The Superseding Indictment then states in subsequent paragraphs that it was part of the conspiracy to use intimidation to encourage falsification of aircraft maintenance records; falsify log books, work cards and computer entries; disregard FAA maintenance program requirements; conceal the falsifications from the FAA; testify falsely before the FAA; and cause aircraft that were not properly maintained and repaired to fly and carry unsuspecting passengers.
The government has therefore alleged a single, over-arching conspiracy among and between the Atlanta and JFK defendants, and Upton, the essential nature of which was to impede and obstruct the FAA. Because the Superseding Indictment pleads "an agreement with respect to the essential nature of the alleged fraud," it does not run afoul of the Federal Rules of Criminal Procedure. Defendants' reliance on United States v. Levine, 546 F.2d 658, 665-66 (5th Cir. 1977) ("since allegations of proximate conspiracies are legally insufficient to establish a single overall conspiracy, the conspiracy count could not 'reasonably have been made.'"), is, therefore, misplaced as well. As the court noted in Uccio, 917 F.2d at 87, "it is an 'established rule' that 'a non-frivolous conspiracy charge is sufficient to support joinder of defendants under Fed. R. Crim. P. 8(b)." "Whether the evidence in a case establishes single or multiple conspiracies is a question of fact to be resolved by a properly instructed jury." United States v. Friedman, 854 F.2d 535, 561 (2d Cir. 1988), cert. denied, 490 U.S. 1004 (1989).

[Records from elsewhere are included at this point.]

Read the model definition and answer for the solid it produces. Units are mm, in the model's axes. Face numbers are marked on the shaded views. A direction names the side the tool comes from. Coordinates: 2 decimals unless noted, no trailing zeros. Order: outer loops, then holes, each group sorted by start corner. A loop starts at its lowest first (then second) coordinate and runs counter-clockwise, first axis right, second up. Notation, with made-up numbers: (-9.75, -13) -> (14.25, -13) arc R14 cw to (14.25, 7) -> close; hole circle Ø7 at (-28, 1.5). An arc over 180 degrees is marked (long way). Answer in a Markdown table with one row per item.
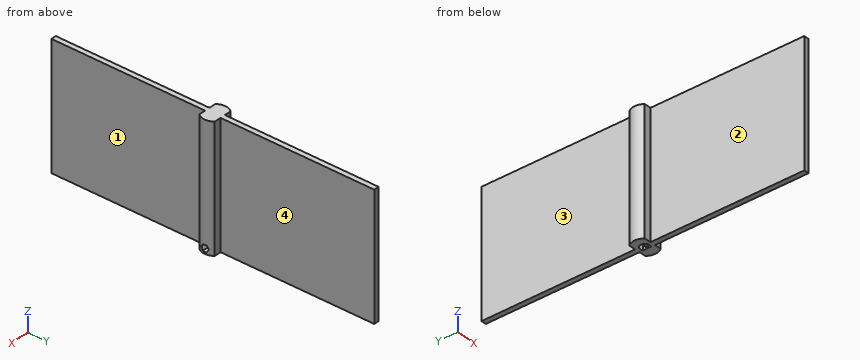
from build123d import *

# Parameters (mm, degrees)
SKETCH1_R           = 4.75
BOSS_EXTRUDE1_DEPTH = 48
CUT_EXTRUDE1_DEPTH  = 10
CUT_EXTRUDE2_DEPTH  = 49.568905691
CUT_EXTRUDE3_REACH  = 50.468
SKETCH5_W           = 2
SKETCH5_H           = 48
BOSS_EXTRUDE2_DEPTH = 60


with BuildPart() as part:
    # Sketch1 → Boss-Extrude1 (new body)
    with BuildSketch(Plane.XY):
        Circle(SKETCH1_R)
    extrude(amount=BOSS_EXTRUDE1_DEPTH)

    # Sketch2 → Cut-Extrude1 (cut)
    with BuildSketch(Plane(origin=(0, 0, 0), x_dir=(-1, 0, 0), z_dir=(0, 0, -1))):
        with BuildLine():
            Line((-0.94, 1.535057002), (-0.94, -1.535057002))
            ThreePointArc((-0.94, -1.535057002), (1.8, 0), (-0.94, 1.535057002))
        make_face()
    extrude(amount=-CUT_EXTRUDE1_DEPTH, mode=Mode.SUBTRACT)

    # Sketch3 → Cut-Extrude2 (cut, through all)
    with BuildSketch(Plane.ZY.offset(-0.94)):
        Polygon((3.230708553, 0.754115238), (1.962271323, 1.44288249), (0.73156277, 0.688767252), (0.769291447, -0.754115238), (2.037728677, -1.44288249), (3.26843723, -0.688767252), align=None)
    extrude(amount=-CUT_EXTRUDE2_DEPTH, mode=Mode.SUBTRACT)

    # Sketch4 → Cut-Extrude3 (cut, up to next)
    with BuildSketch(Plane(origin=(0, 0, 0), x_dir=(-1, 0, 0), z_dir=(0, 0, -1)), mode=Mode.PRIVATE) as cut_extrude3_sk1:
        with BuildLine():
            Line((-3.682729966, 3), (3.682729966, 3))
            ThreePointArc((3.682729966, 3), (0, 4.75), (-3.682729966, 3))
        make_face()
    cut_extrude3_tool1 = extrude(cut_extrude3_sk1.sketch, amount=-CUT_EXTRUDE3_REACH, mode=Mode.PRIVATE) & part.part
    # Sketch4 → Cut-Extrude3 (cut, up to next)
    with BuildSketch(Plane(origin=(0, 0, 0), x_dir=(-1, 0, 0), z_dir=(0, 0, -1)), mode=Mode.PRIVATE) as cut_extrude3_sk2:
        with BuildLine():
            Line((-3.682729966, -3), (3.682729966, -3))
            ThreePointArc((3.682729966, -3), (0, -4.75), (-3.682729966, -3))
        make_face()
    cut_extrude3_tool2 = extrude(cut_extrude3_sk2.sketch, amount=-CUT_EXTRUDE3_REACH, mode=Mode.PRIVATE) & part.part
    add(cut_extrude3_tool1.solids().sort_by_distance((0, 3.712383, 0))[0], mode=Mode.SUBTRACT)
    add(cut_extrude3_tool2.solids().sort_by_distance((0, -3.712383, 0))[0], mode=Mode.SUBTRACT)

    # Sketch5 → Boss-Extrude2 (add)
    with BuildSketch(Plane(origin=(0, 3, 0), x_dir=(1, 0, 0), z_dir=(0, 1, 0))):
        with Locations((0, -24)):
            Rectangle(SKETCH5_W, SKETCH5_H)
    boss_extrude2 = extrude(amount=BOSS_EXTRUDE2_DEPTH)

    # Mirror2: Boss-Extrude2 across plane
    add(boss_extrude2.mirror(Plane.ZX))


solid = part.part
Q1. Given pin 1 (5 mm diameter, centred on y = 17, z = 28, fed in from +X); pin 2 (1.5 mm diameter, centred on x = 2, z = 22.5, fed in from -Y); pin 3 (0.8 mm diameter, centred on x = 2.5, z = 13, fed in from +Y), each flat-ended and moving along its own axis, determine where each tip first touches the part or whether it passes through.
Outcome:
| item | result |
|---|---|
| pin 1 | x = 1 |
| pin 2 | y = -3 |
| pin 3 | y = 3 |
Q2. The part is cut by section A-A (x = 2.25). Write down the section's boundary in (y, z).
Outcome:
| item | result |
|---|---|
| outline | (-3, 0) -> (3, 0) -> (3, 48) -> (-3, 48) -> close; hole (-1.44, 2.04) -> (-0.75, 0.77) -> (0.69, 0.73) -> (1.44, 1.96) -> (0.75, 3.23) -> (-0.69, 3.27) -> close |
Q3. The part is cut by section B-B (z = 28). Write down the section's boundary in (x, y), then the cut area to 3 significant figures.
Outcome:
| item | result |
|---|---|
| outline | (-3.68, -3) -> (-1, -3) -> (-1, -63) -> (1, -63) -> (1, -3) -> (3.68, -3) arc R4.75 ccw to (3.68, 3) -> (1, 3) -> (1, 63) -> (-1, 63) -> (-1, 3) -> (-3.68, 3) arc R4.75 ccw to start |
| area | 293 mm² |
Q4. The part is cut by section C-C (y = 45). Write down the section's boundary in (x, z), then the cut area to 3 significant figures.
Outcome:
| item | result |
|---|---|
| outline | (-1, 0) -> (1, 0) -> (1, 48) -> (-1, 48) -> close |
| area | 96.0 mm² |
Q5. Consider line 1 (Y direction, x = 0, z = 8.25); line 2 (X direction, y = -4, z = 29); line 3 (Y direction, x = 3, z = 12). Determine where each line is inside the solid, lowest interval first.
Outcome:
| item | result |
|---|---|
| line 1 | -63 to -1.8, 1.8 to 63 |
| line 2 | -1 to 1 |
| line 3 | -3 to 3 |
Q6. For the marked faces 1, 2, 3 and 4, determine the directions among +Z, -Z, +X, -X, +Y, -Y from which every point of the face is accessible in a straight line to the end or side of a thin tool.
Outcome:
| item | result |
|---|---|
| face 1 | +Z, -Z, +X, -Y |
| face 2 | +Z, -Z, -X, -Y |
| face 3 | +Z, -Z, -X, +Y |
| face 4 | +Z, -Z, +X, +Y |

B. Severance of Atlanta Defendants
Rule 14 of the Federal Rules of Criminal Procedure permits severance at the discretion of the court. The rule provides that "if it appears that a defendant or the government is prejudiced by a joinder of defendants in an indictment . . . or by such joinder for trial together, the court may . . . grant a severance of defendants or provide whatever other relief justice requires."
Generally, there is a presumption that persons indicted together should be tried together. See United States v. Gallo, 668 F. Supp. 736, 748 (E.D.N.Y. 1987). This presumption was designed to promote judicial economy by preventing multiple, time-consuming and expensive trials. United States v. Borelli, 435 F.2d 500, 502 (2d Cir. 1970), cert. denied, 401 U.S. 946, 28 L. Ed. 2d 229, 91 S. Ct. 963 (1971). A defendant may overcome this presumption by demonstrating that a joint trial would result in substantial prejudice and that he or she will be denied a fair trial. United States v. Crozzoli, 698 F. Supp. 430, 437 (E.D.N.Y. 1988).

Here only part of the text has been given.